We can, however, determine the extent of the non-invariance in the thresholds.
Step 5: Searching for Sources of Non-Invariance, Approach 1
If we pre-specified that we would be testing thresholds and lambdas separately (as suggested by Millsap & Yun-Tein, 2004), we could take advantage of the shortcut code in the following way, even though we are going beyond the shortcut to look for individual non-invariant parameters.
5a. Mplus’s WLSMV difftest requires that the less restrictive model be run first. The “nested” model is run second. Therefore, we would start with the less constrained model—the SCALAR model plus thresholds freed for one indicator.
ANALYSIS: . . . .
MODEL IS SCALAR; Lambdas and thresholds constrained . . .
MODEL:
SSFR BY c24 c26 c27 c28;
MODEL AA:
[C24$2*] (threshold 1 for c24 remains constrained
[C24$3*] for identification. The other 2 are freed)
SAVEDATA:
DIFFTEST=Ts24free.DAT; Save a difftest file to use in the next analysis
No need to even look at the output, we just wanted to get that difftest file saved.
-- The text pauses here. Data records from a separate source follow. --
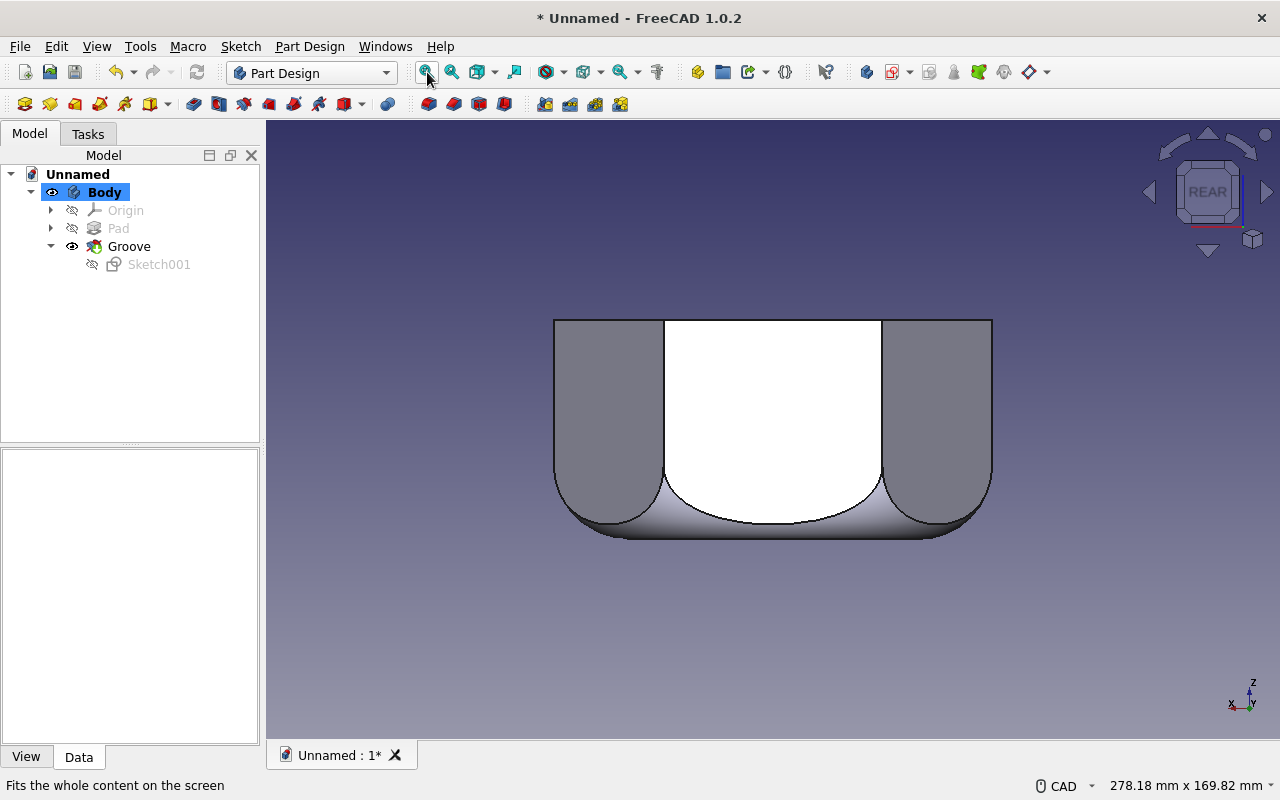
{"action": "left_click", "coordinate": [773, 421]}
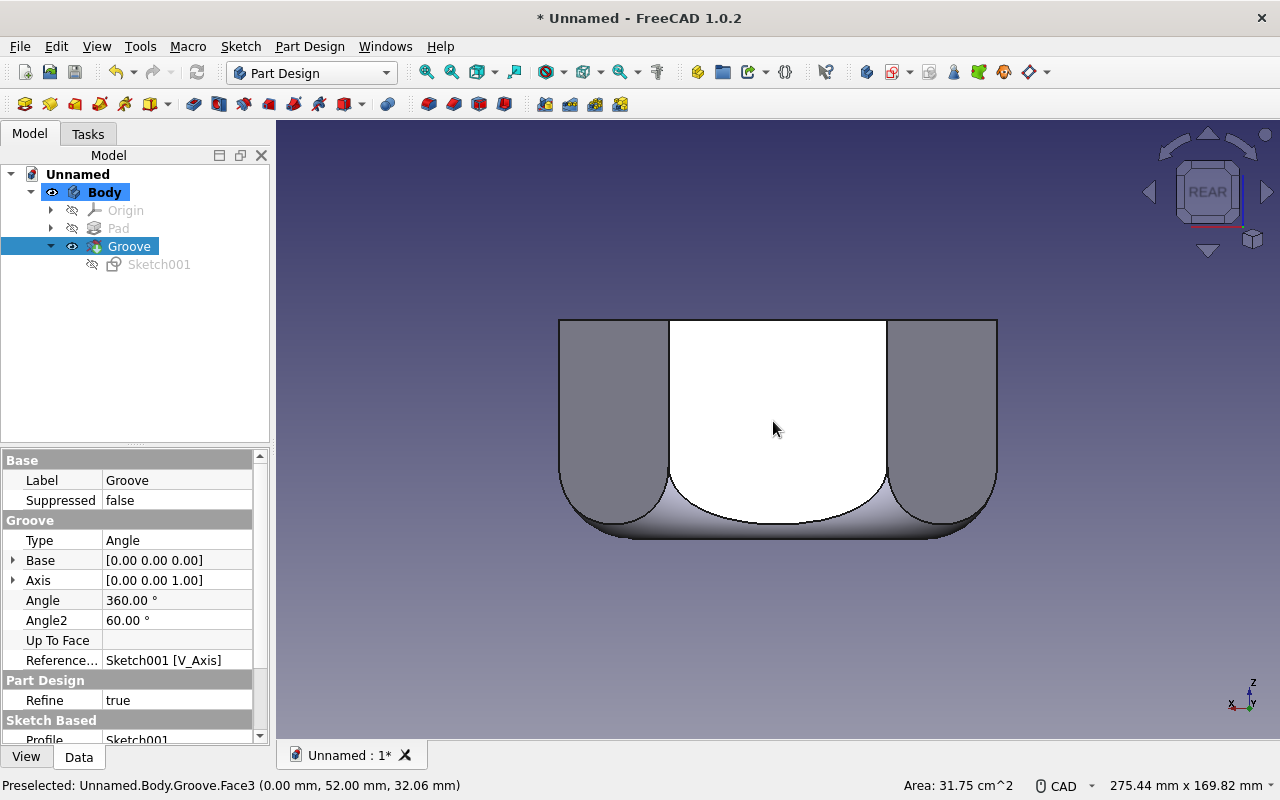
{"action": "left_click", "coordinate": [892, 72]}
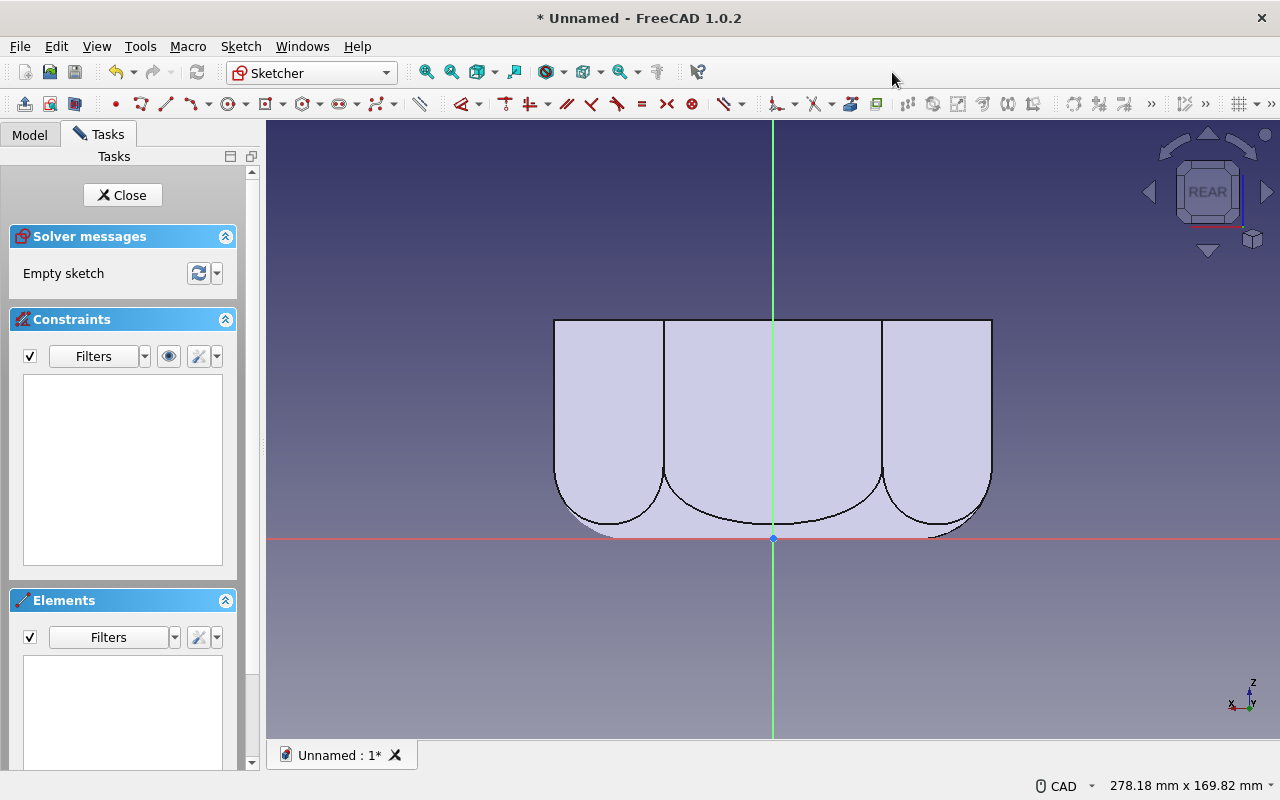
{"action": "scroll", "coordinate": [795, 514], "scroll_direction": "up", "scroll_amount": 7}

5b. Then run the more constrained SCALAR model and use difftest to compare its fit to the prior model
ANALYSIS: . . . .
MODEL IS SCALAR; The model with lambdas and thresholds constrained
DIFFTEST = Ts24free.DAT Compares fit of this model with prior model’s fit.
MODEL:
SSFR BY c24 c26 c27 c28; No thresholds freed
SAVEDATA:
DIFFTEST=SCALAR.DAT; Save fit information for next comparison.
The results:
Chi-Square Test for Difference Testing
Value 4.545
Degrees of Freedom 3
P-Value 0.2083
Constraining the thresholds of C24 did not worsen fit, so we’ll move on to another indicator. We know the source of bad fit is out there somewhere!
Repeat Step 5b until the problem indicator is identified.
The test for invariance in the thresholds of C27 and C26 had the same result as the test with C28. Each time we compared the more restrictive SCALAR model (with all lambda and threshold constraints) to a less restrictive model—one with the thresholds free for one indicator. Each time the chidiff test was non-significant, we re-constrained the thresholds before continuing our search.